Assignment
Where a picture appears, leave it out, and print the rest of the records as they are.

Information provided
************

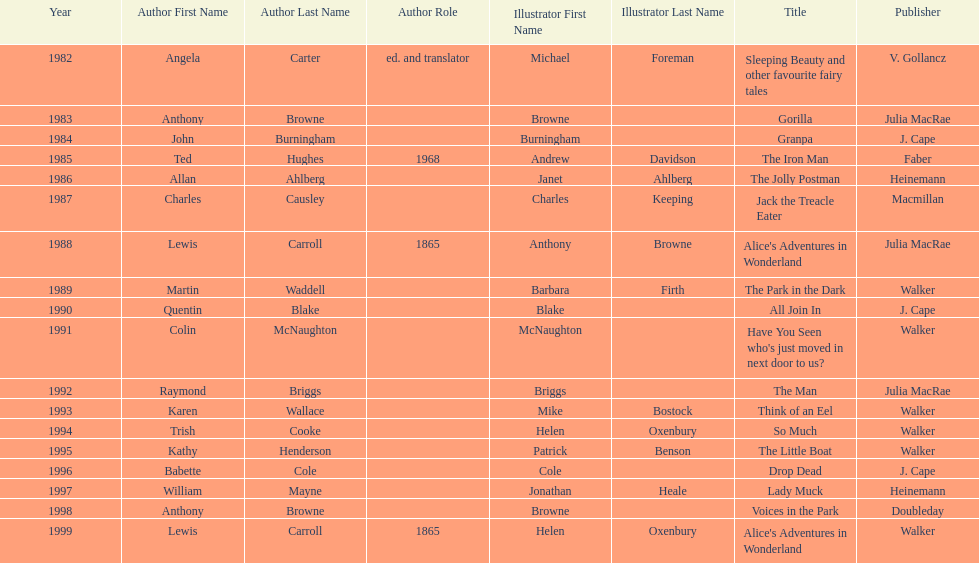How many titles did walker publish? 6. 
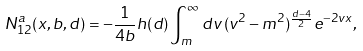<formula> <loc_0><loc_0><loc_500><loc_500>N _ { 1 2 } ^ { a } ( x , b , d ) = - \frac { 1 } { 4 b } h ( d ) \int _ { m } ^ { \infty } d v \, ( v ^ { 2 } - m ^ { 2 } ) ^ { \frac { d - 4 } { 2 } } e ^ { - 2 v x } ,</formula> 
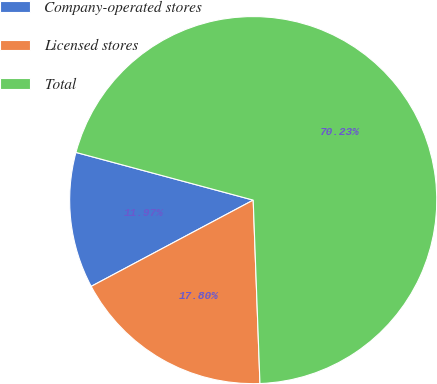<chart> <loc_0><loc_0><loc_500><loc_500><pie_chart><fcel>Company-operated stores<fcel>Licensed stores<fcel>Total<nl><fcel>11.97%<fcel>17.8%<fcel>70.23%<nl></chart> 
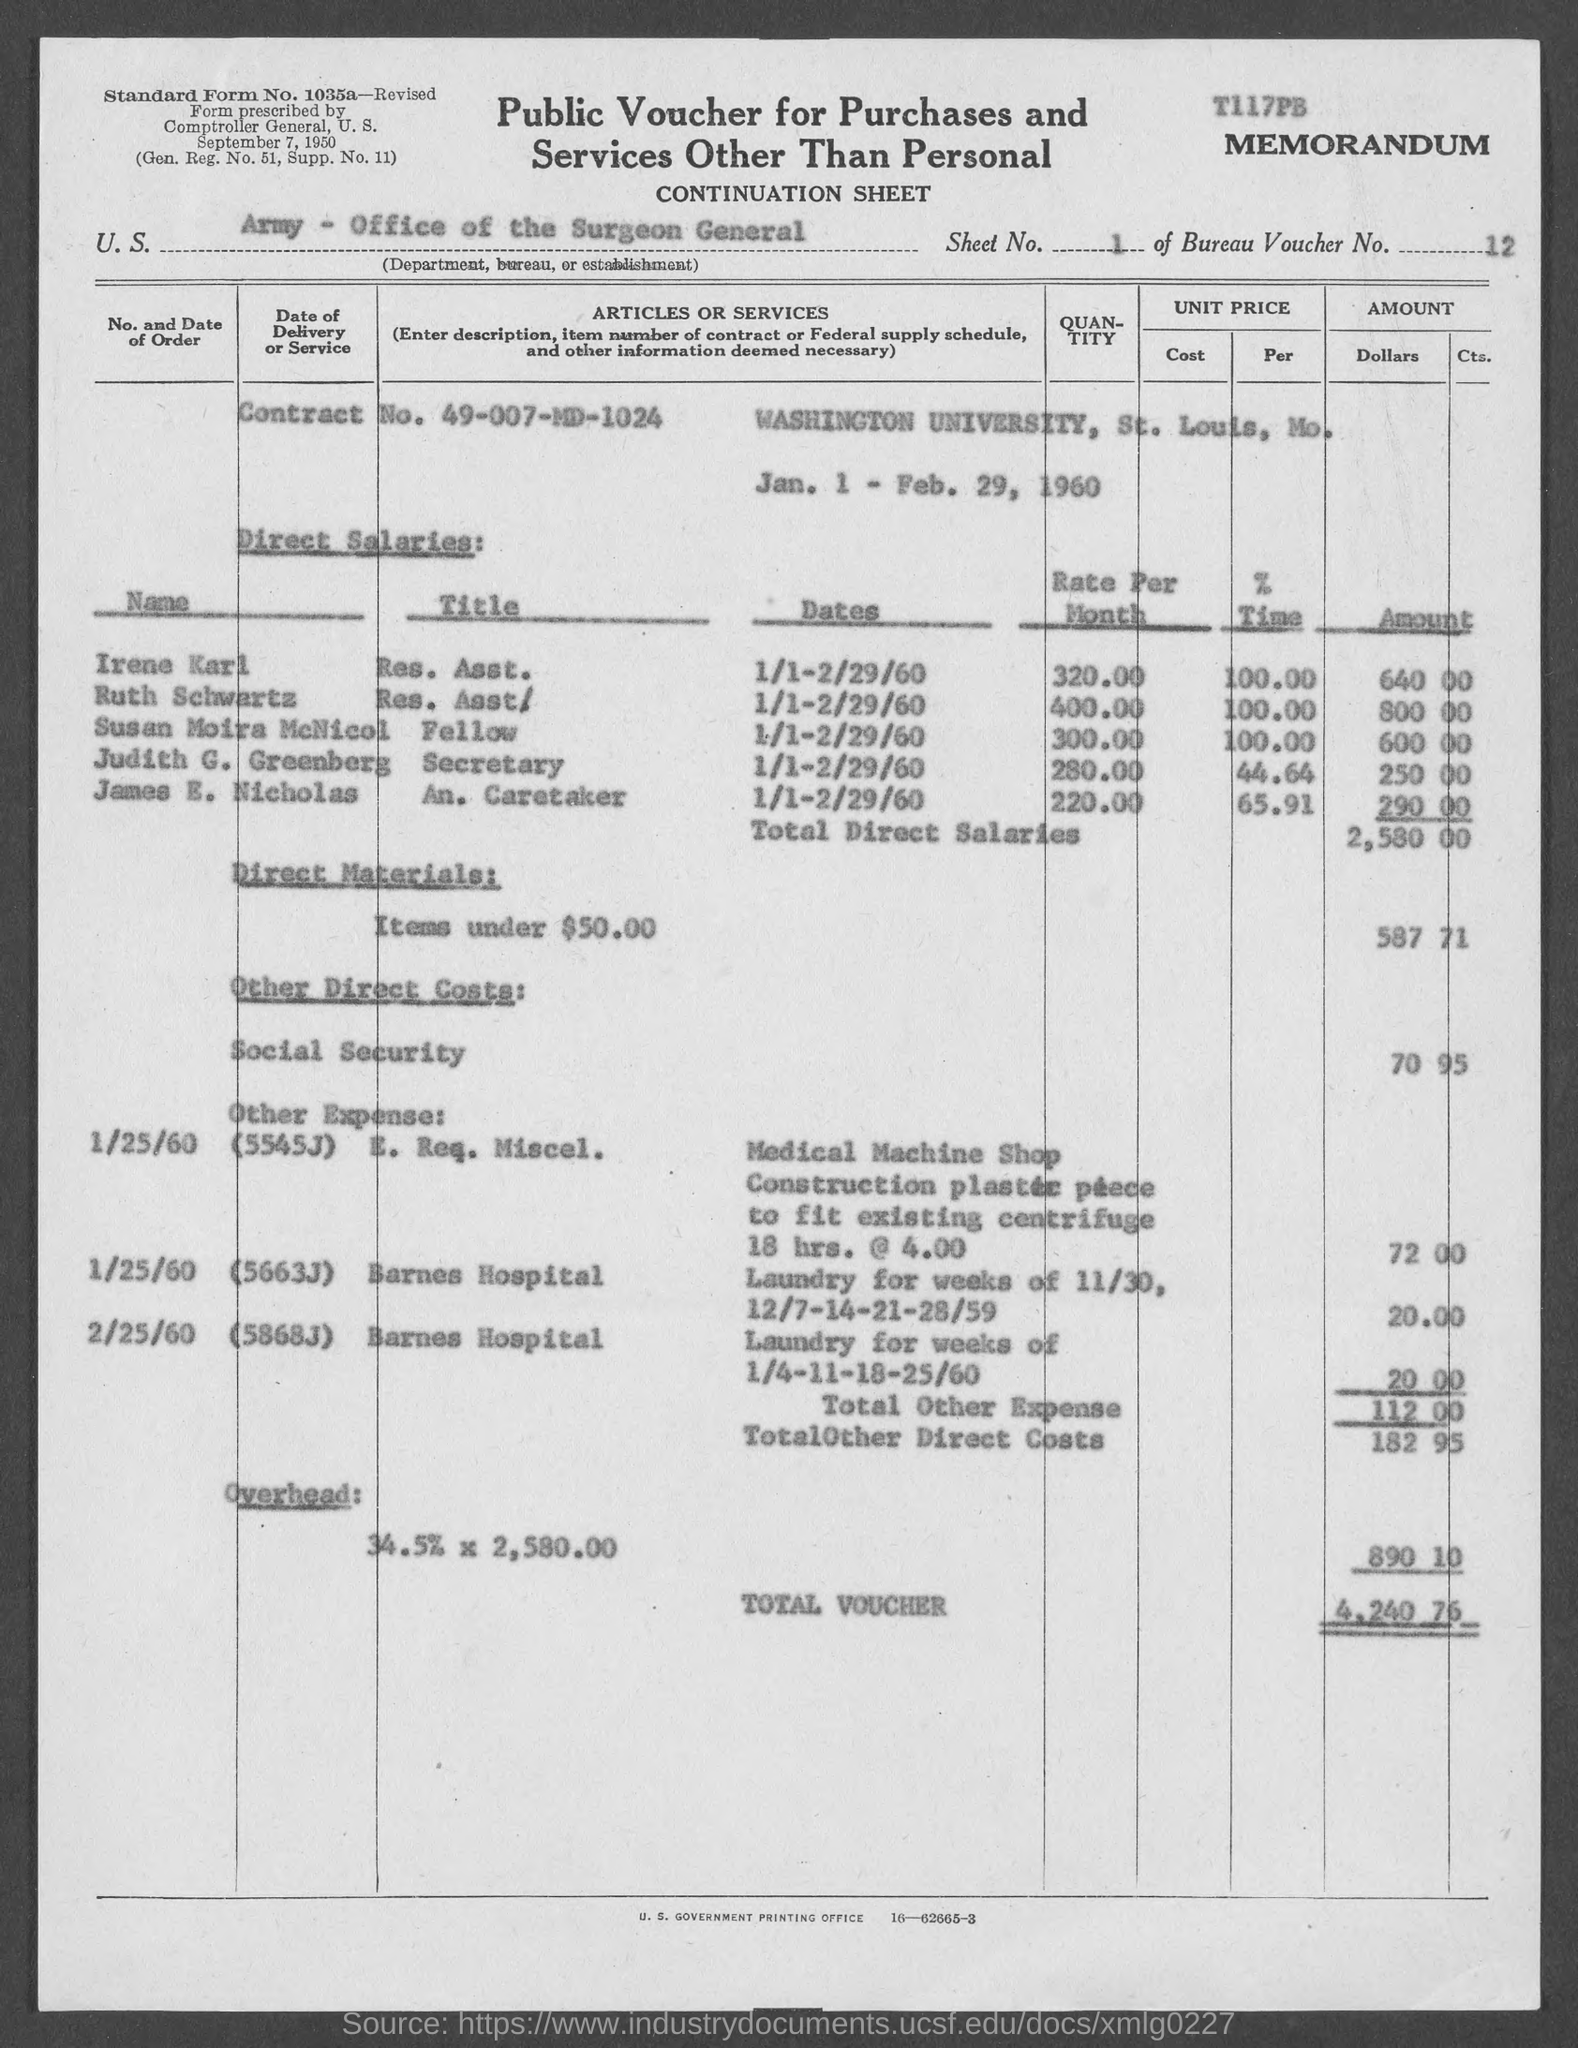What is the Sheet No.?
Ensure brevity in your answer.  1. What is the Bureau Voucher No.?
Keep it short and to the point. 12. What is the Contract No.?
Make the answer very short. 49-007-MD-1024. What are the Direct Salaries amount for Irene Karl?
Provide a succinct answer. 640 00. What are the Direct Salaries amount for Ruth Schwartz?
Offer a terse response. 800.00. What are the Direct Salaries amount for Susan Moira McNicol?
Offer a terse response. 600.00. What are the Direct Salaries amount for Judith G. Greenberg?
Give a very brief answer. 250 00. What are the Direct Salaries amount for Jmaes E. Nicholas?
Give a very brief answer. 290.00. What is the Overhead Amount?
Keep it short and to the point. 890.10. What is the Total Voucher Amount?
Ensure brevity in your answer.  4,240 76. 
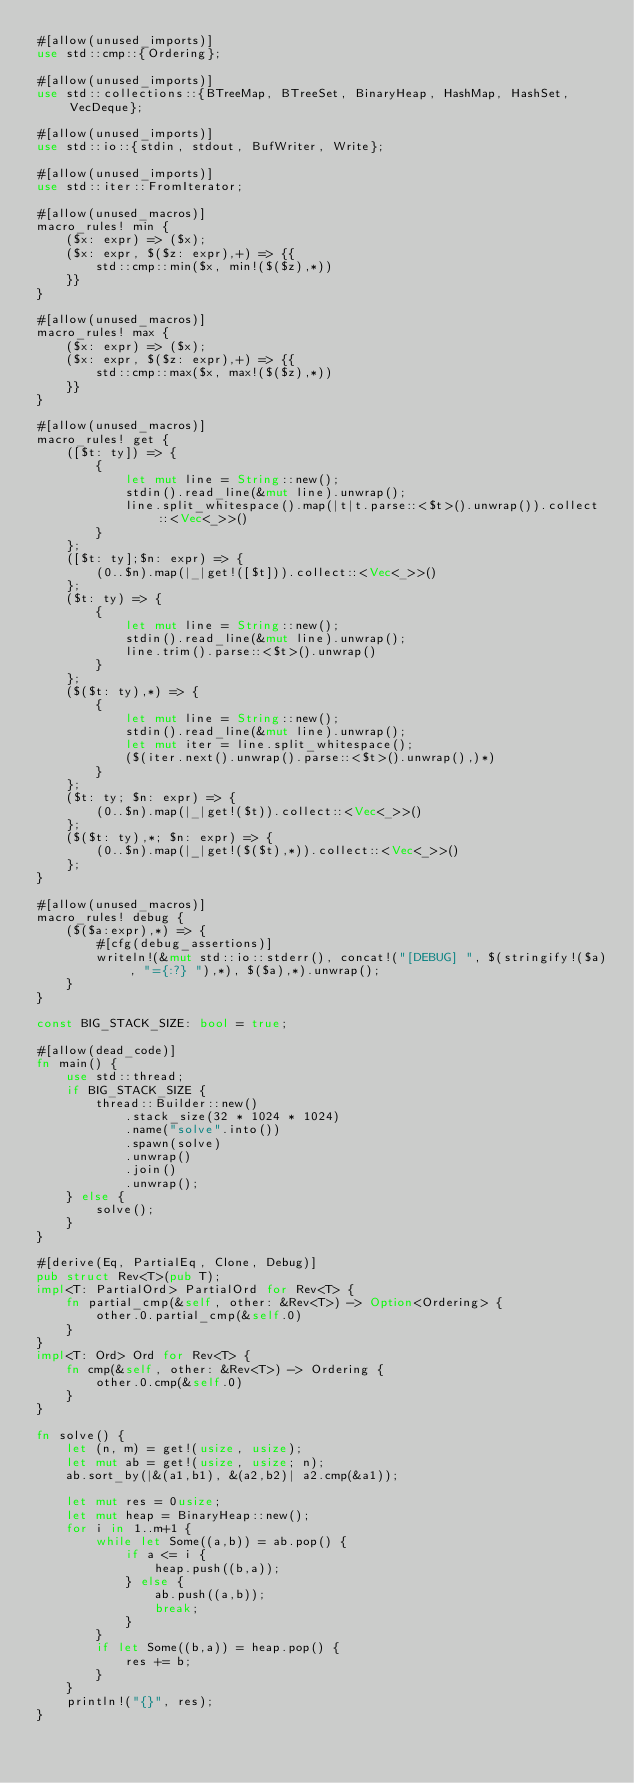<code> <loc_0><loc_0><loc_500><loc_500><_Rust_>#[allow(unused_imports)]
use std::cmp::{Ordering};

#[allow(unused_imports)]
use std::collections::{BTreeMap, BTreeSet, BinaryHeap, HashMap, HashSet, VecDeque};

#[allow(unused_imports)]
use std::io::{stdin, stdout, BufWriter, Write};

#[allow(unused_imports)]
use std::iter::FromIterator;

#[allow(unused_macros)]
macro_rules! min {
    ($x: expr) => ($x);
    ($x: expr, $($z: expr),+) => {{
        std::cmp::min($x, min!($($z),*))
    }}
}

#[allow(unused_macros)]
macro_rules! max {
    ($x: expr) => ($x);
    ($x: expr, $($z: expr),+) => {{
        std::cmp::max($x, max!($($z),*))
    }}
}

#[allow(unused_macros)]
macro_rules! get { 
    ([$t: ty]) => { 
        { 
            let mut line = String::new(); 
            stdin().read_line(&mut line).unwrap(); 
            line.split_whitespace().map(|t|t.parse::<$t>().unwrap()).collect::<Vec<_>>()
        }
    };
    ([$t: ty];$n: expr) => {
        (0..$n).map(|_|get!([$t])).collect::<Vec<_>>()
    };
    ($t: ty) => {
        {
            let mut line = String::new();
            stdin().read_line(&mut line).unwrap();
            line.trim().parse::<$t>().unwrap()
        }
    };
    ($($t: ty),*) => {
        { 
            let mut line = String::new();
            stdin().read_line(&mut line).unwrap();
            let mut iter = line.split_whitespace();
            ($(iter.next().unwrap().parse::<$t>().unwrap(),)*)
        }
    };
    ($t: ty; $n: expr) => {
        (0..$n).map(|_|get!($t)).collect::<Vec<_>>()
    };
    ($($t: ty),*; $n: expr) => {
        (0..$n).map(|_|get!($($t),*)).collect::<Vec<_>>()
    };
}

#[allow(unused_macros)]
macro_rules! debug {
    ($($a:expr),*) => {
        #[cfg(debug_assertions)]
        writeln!(&mut std::io::stderr(), concat!("[DEBUG] ", $(stringify!($a), "={:?} "),*), $($a),*).unwrap();
    }
}

const BIG_STACK_SIZE: bool = true;

#[allow(dead_code)]
fn main() {
    use std::thread;
    if BIG_STACK_SIZE {
        thread::Builder::new()
            .stack_size(32 * 1024 * 1024)
            .name("solve".into())
            .spawn(solve)
            .unwrap()
            .join()
            .unwrap();
    } else {
        solve();
    }
}

#[derive(Eq, PartialEq, Clone, Debug)]
pub struct Rev<T>(pub T);
impl<T: PartialOrd> PartialOrd for Rev<T> {
    fn partial_cmp(&self, other: &Rev<T>) -> Option<Ordering> {
        other.0.partial_cmp(&self.0)
    }
}
impl<T: Ord> Ord for Rev<T> {
    fn cmp(&self, other: &Rev<T>) -> Ordering {
        other.0.cmp(&self.0)
    }
}

fn solve() {
    let (n, m) = get!(usize, usize);
    let mut ab = get!(usize, usize; n);
    ab.sort_by(|&(a1,b1), &(a2,b2)| a2.cmp(&a1));

    let mut res = 0usize;
    let mut heap = BinaryHeap::new();
    for i in 1..m+1 {
        while let Some((a,b)) = ab.pop() {
            if a <= i {
                heap.push((b,a));
            } else {
                ab.push((a,b));
                break;
            }
        }
        if let Some((b,a)) = heap.pop() {
            res += b;
        }
    }
    println!("{}", res);
}
</code> 
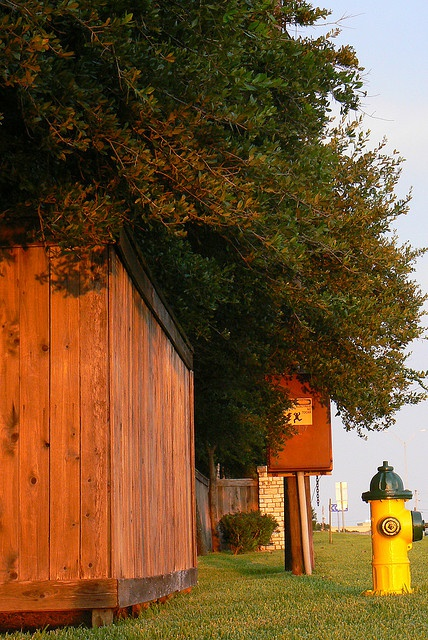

************

Finished task
How many titles did walker publish? 6. 
<formula> <loc_0><loc_0><loc_500><loc_500>N _ { 1 2 } ^ { a } ( x , b , d ) = - \frac { 1 } { 4 b } h ( d ) \int _ { m } ^ { \infty } d v \, ( v ^ { 2 } - m ^ { 2 } ) ^ { \frac { d - 4 } { 2 } } e ^ { - 2 v x } ,</formula> 
<chart> <loc_0><loc_0><loc_500><loc_500><pie_chart><fcel>Company-operated stores<fcel>Licensed stores<fcel>Total<nl><fcel>11.97%<fcel>17.8%<fcel>70.23%<nl></chart> 
What is the Sheet No.?
Ensure brevity in your answer.  1. What is the Bureau Voucher No.?
Keep it short and to the point. 12. What is the Contract No.?
Make the answer very short. 49-007-MD-1024. What are the Direct Salaries amount for Irene Karl?
Provide a succinct answer. 640 00. What are the Direct Salaries amount for Ruth Schwartz?
Offer a terse response. 800.00. What are the Direct Salaries amount for Susan Moira McNicol?
Offer a terse response. 600.00. What are the Direct Salaries amount for Judith G. Greenberg?
Give a very brief answer. 250 00. What are the Direct Salaries amount for Jmaes E. Nicholas?
Give a very brief answer. 290.00. What is the Overhead Amount?
Keep it short and to the point. 890.10. What is the Total Voucher Amount?
Ensure brevity in your answer.  4,240 76. 
<code> <loc_0><loc_0><loc_500><loc_500><_Rust_>#[allow(unused_imports)]
use std::cmp::{Ordering};

#[allow(unused_imports)]
use std::collections::{BTreeMap, BTreeSet, BinaryHeap, HashMap, HashSet, VecDeque};

#[allow(unused_imports)]
use std::io::{stdin, stdout, BufWriter, Write};

#[allow(unused_imports)]
use std::iter::FromIterator;

#[allow(unused_macros)]
macro_rules! min {
    ($x: expr) => ($x);
    ($x: expr, $($z: expr),+) => {{
        std::cmp::min($x, min!($($z),*))
    }}
}

#[allow(unused_macros)]
macro_rules! max {
    ($x: expr) => ($x);
    ($x: expr, $($z: expr),+) => {{
        std::cmp::max($x, max!($($z),*))
    }}
}

#[allow(unused_macros)]
macro_rules! get { 
    ([$t: ty]) => { 
        { 
            let mut line = String::new(); 
            stdin().read_line(&mut line).unwrap(); 
            line.split_whitespace().map(|t|t.parse::<$t>().unwrap()).collect::<Vec<_>>()
        }
    };
    ([$t: ty];$n: expr) => {
        (0..$n).map(|_|get!([$t])).collect::<Vec<_>>()
    };
    ($t: ty) => {
        {
            let mut line = String::new();
            stdin().read_line(&mut line).unwrap();
            line.trim().parse::<$t>().unwrap()
        }
    };
    ($($t: ty),*) => {
        { 
            let mut line = String::new();
            stdin().read_line(&mut line).unwrap();
            let mut iter = line.split_whitespace();
            ($(iter.next().unwrap().parse::<$t>().unwrap(),)*)
        }
    };
    ($t: ty; $n: expr) => {
        (0..$n).map(|_|get!($t)).collect::<Vec<_>>()
    };
    ($($t: ty),*; $n: expr) => {
        (0..$n).map(|_|get!($($t),*)).collect::<Vec<_>>()
    };
}

#[allow(unused_macros)]
macro_rules! debug {
    ($($a:expr),*) => {
        #[cfg(debug_assertions)]
        writeln!(&mut std::io::stderr(), concat!("[DEBUG] ", $(stringify!($a), "={:?} "),*), $($a),*).unwrap();
    }
}

const BIG_STACK_SIZE: bool = true;

#[allow(dead_code)]
fn main() {
    use std::thread;
    if BIG_STACK_SIZE {
        thread::Builder::new()
            .stack_size(32 * 1024 * 1024)
            .name("solve".into())
            .spawn(solve)
            .unwrap()
            .join()
            .unwrap();
    } else {
        solve();
    }
}

#[derive(Eq, PartialEq, Clone, Debug)]
pub struct Rev<T>(pub T);
impl<T: PartialOrd> PartialOrd for Rev<T> {
    fn partial_cmp(&self, other: &Rev<T>) -> Option<Ordering> {
        other.0.partial_cmp(&self.0)
    }
}
impl<T: Ord> Ord for Rev<T> {
    fn cmp(&self, other: &Rev<T>) -> Ordering {
        other.0.cmp(&self.0)
    }
}

fn solve() {
    let (n, m) = get!(usize, usize);
    let mut ab = get!(usize, usize; n);
    ab.sort_by(|&(a1,b1), &(a2,b2)| a2.cmp(&a1));

    let mut res = 0usize;
    let mut heap = BinaryHeap::new();
    for i in 1..m+1 {
        while let Some((a,b)) = ab.pop() {
            if a <= i {
                heap.push((b,a));
            } else {
                ab.push((a,b));
                break;
            }
        }
        if let Some((b,a)) = heap.pop() {
            res += b;
        }
    }
    println!("{}", res);
}
</code> 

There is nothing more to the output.